Telefonica S.A. (ADR) (TEF) to Wind Up Jajah

Spanish telecom behemoth Telefonica S.A. (ADR) (NYSE:TEF) has decided to close its U.S. based VoIP (Voice over IP) subsidiary Jajah by the end of Jan 2014. The shutting down of Jajah comes close on the heels of Telefonica’s decision to scrap its free messaging application Tu Me. Created in 2005, Jajah is an Internet voice service provider that allows subscribers to make international calls via its website. It also allows customers to set up calls internationally, while using a local number.

Telefonica S.A. (ADR) (NYSE:TEF)

Closure of VoIP service means that customers will not be able to make calls via its website or through Jajah Direct. Accordingly, registrations of new accounts have also been stopped. Existing customers can send a request for a refund of their outstanding balance.

The Spanish behemoth acquired Jajah for $207 million in cash – a value much higher than the set up costs. Back then, Telefonica S.A. (ADR) (NYSE:TEF) was in an expansion mode and acquired Jajah to combat challenges posed by VoIP giant Skype.
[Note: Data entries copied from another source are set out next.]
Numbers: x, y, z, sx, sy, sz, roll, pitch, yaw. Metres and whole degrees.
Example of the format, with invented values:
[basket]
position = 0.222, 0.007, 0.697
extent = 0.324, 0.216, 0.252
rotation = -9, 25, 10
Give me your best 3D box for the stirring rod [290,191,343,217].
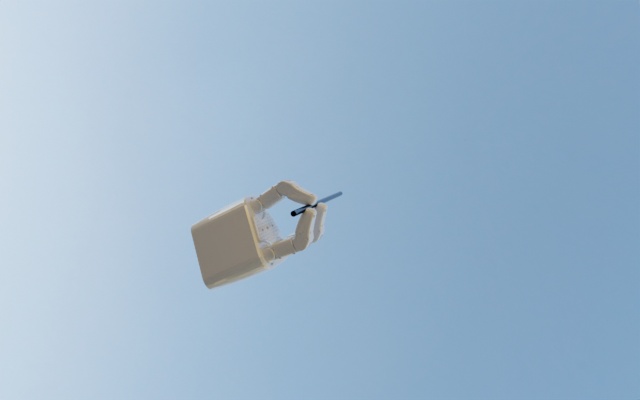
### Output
[stirring rod]
position = 0.000, 0.002, 0.721
extent = 0.011, 0.011, 0.239
rotation = 0, 7, 17
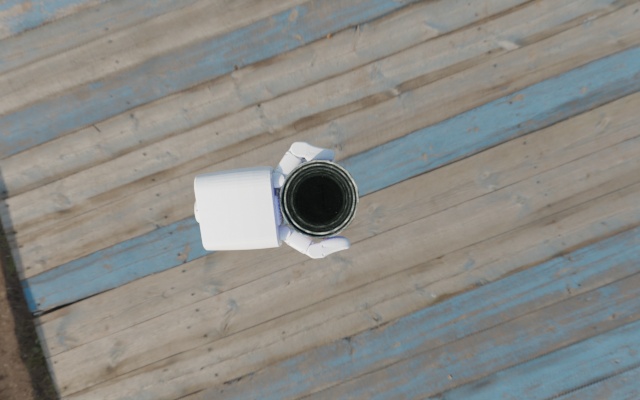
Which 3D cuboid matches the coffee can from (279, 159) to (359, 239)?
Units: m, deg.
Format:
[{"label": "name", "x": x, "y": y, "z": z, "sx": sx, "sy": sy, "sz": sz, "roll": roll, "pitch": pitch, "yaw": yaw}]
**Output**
[{"label": "coffee can", "x": 0.000, "y": 0.002, "z": 0.679, "sx": 0.103, "sy": 0.103, "sz": 0.140, "roll": 0, "pitch": -4, "yaw": 1}]
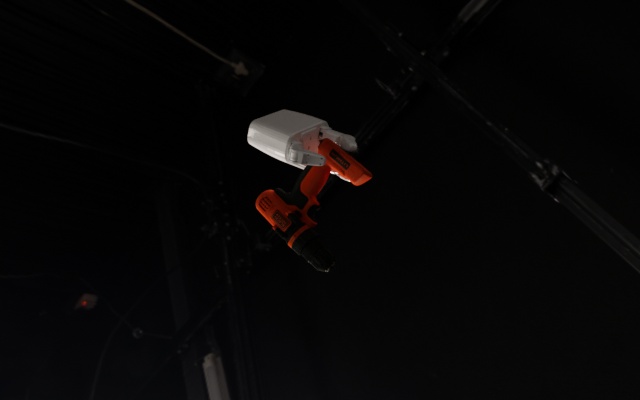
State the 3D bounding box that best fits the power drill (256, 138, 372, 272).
[{"bbox_3d":[0.000,0.002,0.819,0.184,0.187,0.057,44,8,17],"label":"power drill"}]
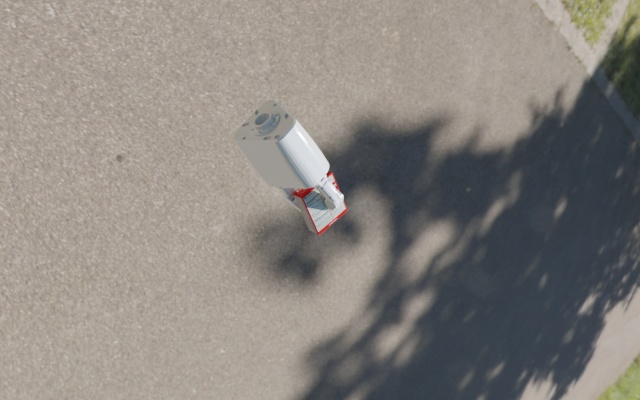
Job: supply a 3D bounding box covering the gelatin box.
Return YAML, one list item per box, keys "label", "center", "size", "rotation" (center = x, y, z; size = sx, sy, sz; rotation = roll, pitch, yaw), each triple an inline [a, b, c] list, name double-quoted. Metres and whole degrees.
- label: "gelatin box"
  center: [0.001, 0.003, 0.818]
  size: [0.073, 0.089, 0.030]
  rotation: [-40, 36, -23]
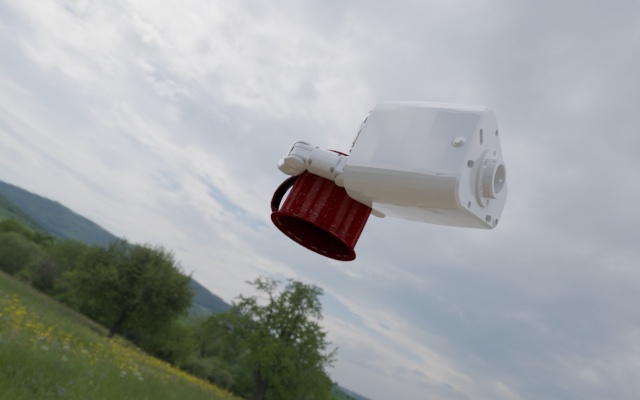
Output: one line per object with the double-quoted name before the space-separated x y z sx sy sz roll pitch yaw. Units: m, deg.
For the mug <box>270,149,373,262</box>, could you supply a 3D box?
"mug" -0.001 0.001 0.487 0.117 0.081 0.093 11 -26 38
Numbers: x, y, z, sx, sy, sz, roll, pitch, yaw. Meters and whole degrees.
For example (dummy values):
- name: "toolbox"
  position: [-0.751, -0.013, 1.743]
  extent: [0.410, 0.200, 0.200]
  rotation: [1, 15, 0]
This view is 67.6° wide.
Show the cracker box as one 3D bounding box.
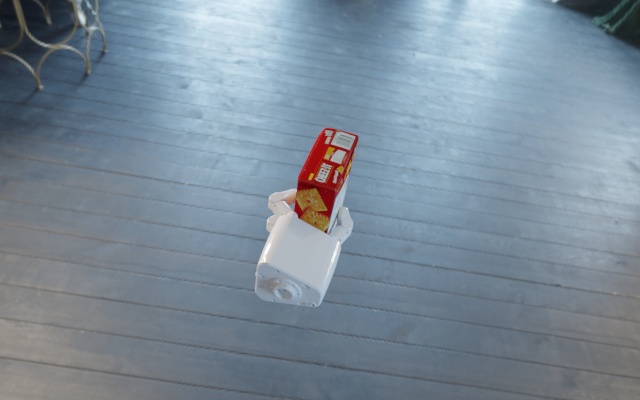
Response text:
- name: "cracker box"
  position: [0.000, 0.003, 0.851]
  extent: [0.072, 0.214, 0.164]
  rotation: [17, 43, 6]
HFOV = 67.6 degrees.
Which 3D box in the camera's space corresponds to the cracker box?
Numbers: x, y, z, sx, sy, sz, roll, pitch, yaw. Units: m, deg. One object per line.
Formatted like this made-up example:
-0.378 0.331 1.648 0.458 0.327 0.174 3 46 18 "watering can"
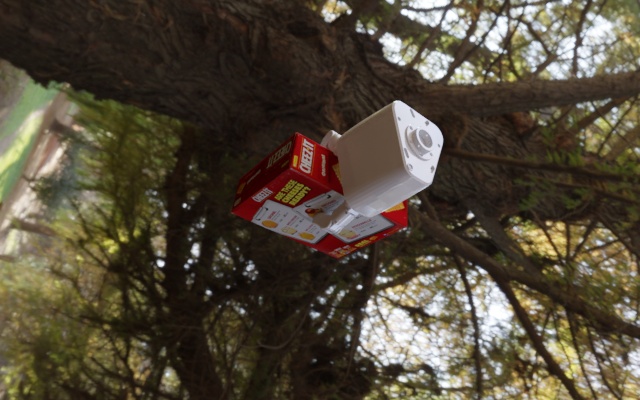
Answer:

Neither Telefonica nor Jajah divulged any reason behind the closure. However, the general belief is that the company is struggling against the likes of free VoIP alternatives such as Viber and FaceTime. The wrapping up may also be an attempt by Telefonica S.A. (ADR) (NYSE:TEF) to promote its very own voice and text app Tu Go.

Further, higher penetration of smartphones has popularised the use of instant messaging applications like Whats App and WeChat. As a result, paid VoIP service providers like Jajah have clearly lost their shine.

We believe the high purchase price of Jajah and the subsequent closure of the business points out the faulty expansion strategy of the Spanish giant to integrate itself with future technologies.

Telefonica S.A. (ADR) (NYSE:TEF) currently carries a Zacks Rank #4 (Sell). However, some better-ranked stocks within the sector are Hawaiian Telcom HoldCo Inc (NASDAQ:HCOM), Shenandoah Telecommunications Company (NASDAQ:SHEN) and Chunghwa Telecom Co., Ltd (ADR) (NYSE:CHT). HCOM and SHEN carry a Zacks Rank #1 (Strong Buy), while CHT holds a Zacks Rank #2 (Buy).